-- INFORMATION SUPPLIED follows --

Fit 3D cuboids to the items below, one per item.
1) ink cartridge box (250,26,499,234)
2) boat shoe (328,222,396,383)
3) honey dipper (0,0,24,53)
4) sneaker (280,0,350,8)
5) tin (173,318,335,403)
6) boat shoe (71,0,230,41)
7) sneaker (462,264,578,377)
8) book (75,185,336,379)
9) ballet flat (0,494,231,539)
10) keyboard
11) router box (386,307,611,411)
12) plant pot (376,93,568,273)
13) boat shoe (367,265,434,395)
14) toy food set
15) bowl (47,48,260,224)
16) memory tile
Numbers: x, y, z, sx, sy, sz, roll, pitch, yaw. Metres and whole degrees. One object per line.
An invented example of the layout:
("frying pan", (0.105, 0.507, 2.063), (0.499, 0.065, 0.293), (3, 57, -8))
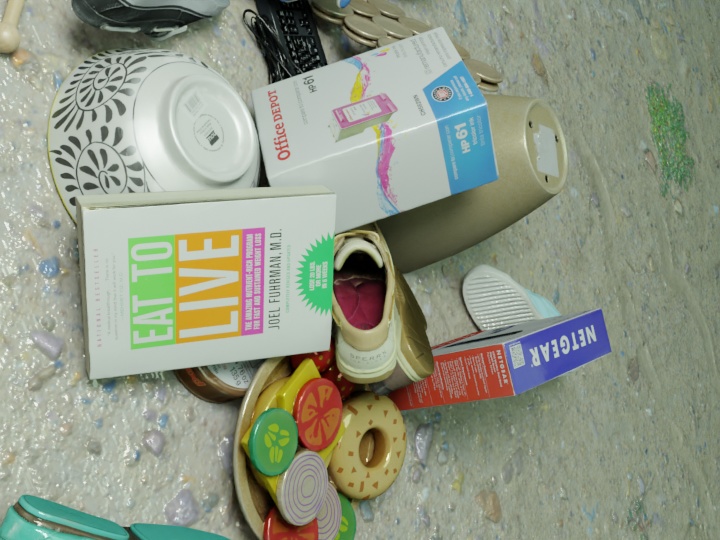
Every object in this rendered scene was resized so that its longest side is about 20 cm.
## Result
("ink cartridge box", (0.007, -0.123, 0.782), (0.146, 0.196, 0.086), (-108, 178, -47))
("boat shoe", (0.000, 0.000, 0.770), (0.072, 0.067, 0.203), (-7, 48, -7))
("honey dipper", (-0.260, -0.264, 0.693), (0.038, 0.037, 0.205), (25, 62, -39))
("sneaker", (-0.086, -0.302, 0.836), (0.195, 0.079, 0.076), (3, 30, -16))
("tin", (-0.089, 0.039, 0.784), (0.199, 0.041, 0.114), (-37, 110, -46))
("boat shoe", (-0.178, -0.235, 0.747), (0.074, 0.068, 0.200), (51, 22, -8))
("sneaker", (0.193, 0.052, 1.070), (0.199, 0.074, 0.083), (42, 21, -24))
("book", (-0.117, 0.007, 0.681), (0.195, 0.048, 0.137), (-6, 109, -24))
("ballet flat", (-0.174, 0.217, 0.630), (0.198, 0.067, 0.072), (27, 84, -39))
("keyboard", (-0.057, -0.209, 0.890), (0.103, 0.039, 0.205), (-20, 92, -48))
("router box", (0.136, 0.093, 0.901), (0.198, 0.177, 0.050), (-11, 86, -48))
("plant pot", (0.109, -0.106, 0.904), (0.185, 0.197, 0.192), (15, 70, -49))
("boat shoe", (0.027, 0.054, 0.847), (0.074, 0.064, 0.201), (57, 10, -14))
("toy food set", (-0.038, 0.156, 0.767), (0.199, 0.048, 0.203), (-51, 129, -39))
("bowl", (-0.147, -0.105, 0.723), (0.198, 0.093, 0.206), (17, 66, -43))
("memory tile", (0.051, -0.247, 0.941), (0.199, 0.017, 0.152), (39, 33, 23))

-- INFORMATION SUPPLIED concluded --

Please copy each line of the entries in which the word "object" shows up.

Numbers: x, y, z, sx, sy, sz, roll, pitch, yaw. Metres and whole degrees. One object per line.
Every object in this rendered scene was resized so that its longest side is about 20 cm.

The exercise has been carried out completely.